Not too long after their credit cards were paid off, Beck was laid off.

Prior to losing her job, Beck had been unsuccessful at sticking to a budget. But now she had no choice. “I really couldn’t be tempted to spend if I wanted to eat,” Beck recalled. “I learned to live on pretty much nothing.”

Trying Times

Flash forward four years and Beck lands her first full-time job since she was laid off.

Beck and her family hadn’t turned to credit cards during that time, but still owed money on her student loans and their mortgage. Additionally, during those four years Beck sought employment, Beck’s husband took out a car loan and she had borrowed money to buy a rental property. AKA they owed more now than they did four years ago.

Feeling financially empowered by her new salary, while still living on a furloughed budget, Beck was motivated to pay off her “long-deferred student loan.” She did so in five months. Now her husband was motivated to pay off his auto loan and Beck decided to sell her rental property.

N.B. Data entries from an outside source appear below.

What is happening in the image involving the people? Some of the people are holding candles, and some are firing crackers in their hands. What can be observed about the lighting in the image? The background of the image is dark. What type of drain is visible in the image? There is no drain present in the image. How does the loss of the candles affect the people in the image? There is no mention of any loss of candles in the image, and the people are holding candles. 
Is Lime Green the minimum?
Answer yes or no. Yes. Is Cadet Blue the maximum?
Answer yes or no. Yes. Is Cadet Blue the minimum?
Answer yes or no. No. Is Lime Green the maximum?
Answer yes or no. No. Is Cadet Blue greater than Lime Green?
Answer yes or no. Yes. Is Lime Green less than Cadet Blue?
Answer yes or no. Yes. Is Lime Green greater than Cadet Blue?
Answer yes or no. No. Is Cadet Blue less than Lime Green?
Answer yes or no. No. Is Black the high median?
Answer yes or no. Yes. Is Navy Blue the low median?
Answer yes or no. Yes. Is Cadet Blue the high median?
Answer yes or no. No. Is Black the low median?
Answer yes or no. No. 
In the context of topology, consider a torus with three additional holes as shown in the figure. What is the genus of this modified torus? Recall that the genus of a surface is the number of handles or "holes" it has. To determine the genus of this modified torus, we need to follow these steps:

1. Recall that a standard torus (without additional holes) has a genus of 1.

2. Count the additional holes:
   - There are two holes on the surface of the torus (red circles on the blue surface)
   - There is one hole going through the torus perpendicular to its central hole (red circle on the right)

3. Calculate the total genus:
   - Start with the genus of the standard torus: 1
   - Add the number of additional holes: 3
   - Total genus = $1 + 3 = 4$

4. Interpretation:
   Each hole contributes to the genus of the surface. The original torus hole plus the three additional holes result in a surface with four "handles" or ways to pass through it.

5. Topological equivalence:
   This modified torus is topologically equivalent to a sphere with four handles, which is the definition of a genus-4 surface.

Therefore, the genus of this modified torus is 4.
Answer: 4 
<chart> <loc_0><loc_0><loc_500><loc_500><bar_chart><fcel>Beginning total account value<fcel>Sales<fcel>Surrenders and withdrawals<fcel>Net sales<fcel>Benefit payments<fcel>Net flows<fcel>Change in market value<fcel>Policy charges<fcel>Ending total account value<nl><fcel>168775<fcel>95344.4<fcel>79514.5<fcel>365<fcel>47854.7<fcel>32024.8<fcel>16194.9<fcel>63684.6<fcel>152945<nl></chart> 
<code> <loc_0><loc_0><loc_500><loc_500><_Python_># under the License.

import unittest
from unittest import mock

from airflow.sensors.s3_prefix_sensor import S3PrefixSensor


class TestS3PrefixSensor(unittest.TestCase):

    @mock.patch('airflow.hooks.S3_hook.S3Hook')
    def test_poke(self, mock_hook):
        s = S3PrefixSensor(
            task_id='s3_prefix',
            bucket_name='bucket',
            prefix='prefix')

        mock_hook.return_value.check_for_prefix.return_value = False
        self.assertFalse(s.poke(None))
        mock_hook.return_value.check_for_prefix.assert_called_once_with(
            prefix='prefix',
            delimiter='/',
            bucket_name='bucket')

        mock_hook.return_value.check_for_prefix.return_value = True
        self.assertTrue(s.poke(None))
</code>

The idea that Beck and her family could be debt-free was starting to look like a reality, at least in her mind.

Talking about her debt payoff journey with others – including strangers in the grocery store – was motivating for Beck. “Their reaction kept me motivated,” she said.

“When I get obsessed with something I can’t stop talking about it, and that theme continued with paying off debt,” Beck shared. “Being obsessed really help. The things you pay attention to are what you make progress on,” she says.

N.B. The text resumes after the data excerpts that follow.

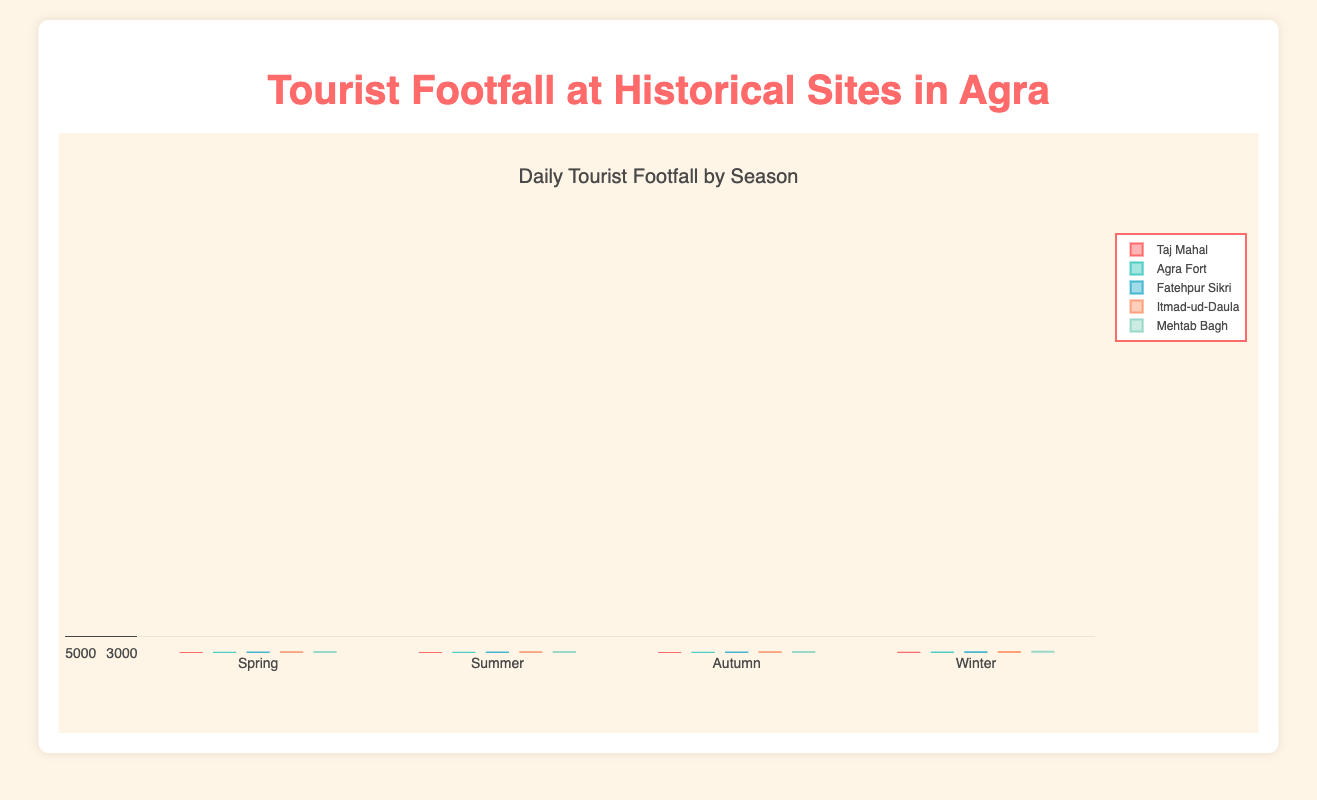What's the title of the figure? The title is usually found at the top of the figure and provides a brief description of the data being visualized. In this case, the title is "Daily Tourist Footfall by Season".
Answer: Daily Tourist Footfall by Season What is the range of the y-axis? The y-axis usually has a label indicating the range of values it can show. Here, the y-axis shows the number of tourists, with a range from 0 to 7000.
Answer: 0 to 7000 Which historical site has the highest median tourist footfall in Spring? To find the median, look for the line in the center of the box. For Spring, the Taj Mahal has the highest median compared to the other sites, indicated by the position of its median line.
Answer: Taj Mahal Which season generally has the lowest tourist footfall across all sites? Lowest footfall can be determined by the position of the boxes. Summer typically has the lowest overall boxes, indicating the lowest footfall across the sites.
Answer: Summer How does the median footfall at Taj Mahal in Winter compare to that in Summer? The central line of each box plot represents the median. For Taj Mahal, the median in Winter is much higher than in Summer (around 6200 compared to around 3200).
Answer: Median in Winter is higher What is the interquartile range (IQR) for Agra Fort in Autumn? The IQR is the difference between the third quartile (Q3) and the first quartile (Q1). For Agra Fort in Autumn, Q3 is around 3000 and Q1 is about 2800, so the IQR is 3000 - 2800 = 200.
Answer: 200 Which historical site shows the most variability in tourist footfall in Winter? Variability can be seen through the size of the box and the length of the whiskers. In Winter, Agra Fort shows the most variability as indicated by a larger box and longer whiskers.
Answer: Agra Fort In which season is the tourist footfall at Fatehpur Sikri more consistent? Consistency in data is indicated by a smaller box and shorter whiskers. For Fatehpur Sikri, Summer shows more consistency with much smaller boxes and whiskers compared to other seasons.
Answer: Summer How does the tourist footfall at Mehtab Bagh in Spring compare to that in Autumn? By comparing the position of the boxes, Mehtab Bagh in Spring has a higher median tourist footfall than in Autumn (Spring’s box is higher on the y-axis).
Answer: Higher in Spring

Jackie Beck’s Debt-Free Journey

It took Beck 10 years of literally paying off one debt at a time, but now Beck and her family are debt-free.

“People are always asking for tips or saying ‘wish I could do that too’,” Beck says about her debt free status. “I find that sad because many times they can!”

Beck recognizes the mental toll that paying off debt can have on people, and stresses the importance of changing your mindset when it comes to finances.

“If you have enough money to pay your bills, in theory, you should be able to get out of debt,” she says.

For those, like Beck, who earn a pretty decent living but still live paycheck-to-paycheck, Beck says there’s nothing wrong with taking a break in between paying off your debt, so long as you don’t incur more debt moving forward.

During her debt payoff journey, Beck and her family traveled to various places in the U.S., as well as exotic destinations like Paris and New Zealand. The family also incurred unexpected expenses like multiple surgeries, braces, weekly veterinary visits for the family’s sick cat, home improvements, and minor and major car repairs.

How did Beck survive?!

“Only spend money you already have,” Beck recommends. “Save up the money first! You can have a life too, but only do it with money you have in advance.”

Jackie’s Advice for Paying Off Debt

  • Track your spending daily

The biggest tip I recommend to those looking to stay motivated to pay off their debt is to track your spending as you are going throughout your day – not at the end of the month or at night when you’re reflecting on your day.

“If you go buy a hamburger for $6, write it down and see how you feel about it,” says Beck. “Did you receive any value from that burger? Was it worth the cost?”

Beck notes it’s easier, at least in her experience, to eliminate or reduce expenses that are less important to you when you can see in black-and-white just how much something you’re spending on something like eating out at lunch, and how it makes you feel.

  • Don’t get discouraged

“Everybody has setbacks,” notes Beck. “Expect that those will happen and try not to be discouraged by them,” Beck recommends.

  • Avoid Credit Cards

“Make no new debt the focus!” Beck shared. “If you really focus on not borrowing any new debt, no matter what, then, as long as you make minimum payments on your credit cards, if not more, you will get out of debt.”